[Records from a data collection]
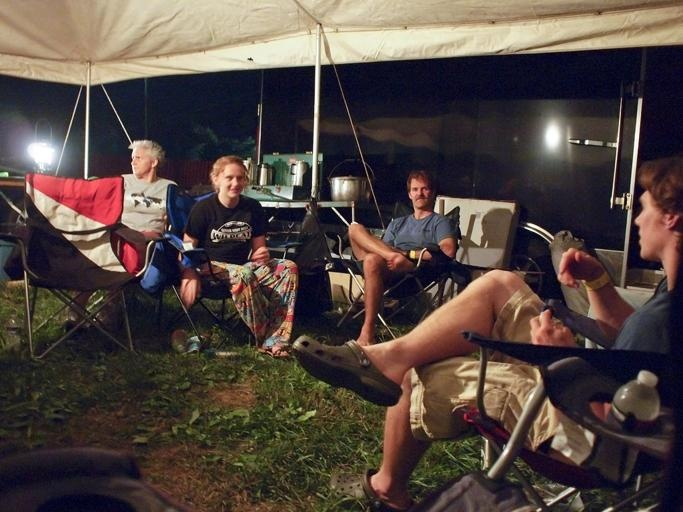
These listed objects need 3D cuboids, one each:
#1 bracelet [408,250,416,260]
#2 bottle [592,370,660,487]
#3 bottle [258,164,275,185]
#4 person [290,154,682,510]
[{"bbox_3d":[0.507,-0.008,4.234,0.039,0.041,0.072,12,37,-6],"label":"bracelet"},{"bbox_3d":[0.882,0.540,1.802,0.163,0.402,0.108,9,12,23],"label":"bottle"},{"bbox_3d":[-0.753,-0.823,5.876,0.128,0.239,0.230,0,1,-5],"label":"bottle"},{"bbox_3d":[0.577,0.252,2.952,1.522,1.985,0.947,8,6,20],"label":"person"}]

Assigned task
Transcribe the records verbatim, excluding pictures.

Response area
These listed objects need 3D cuboids, one each:
#1 bracelet [408,250,416,260]
#2 bottle [592,370,660,487]
#3 bottle [258,164,275,185]
#4 person [290,154,682,510]
[{"bbox_3d":[0.507,-0.008,4.234,0.039,0.041,0.072,12,37,-6],"label":"bracelet"},{"bbox_3d":[0.882,0.540,1.802,0.163,0.402,0.108,9,12,23],"label":"bottle"},{"bbox_3d":[-0.753,-0.823,5.876,0.128,0.239,0.230,0,1,-5],"label":"bottle"},{"bbox_3d":[0.577,0.252,2.952,1.522,1.985,0.947,8,6,20],"label":"person"}]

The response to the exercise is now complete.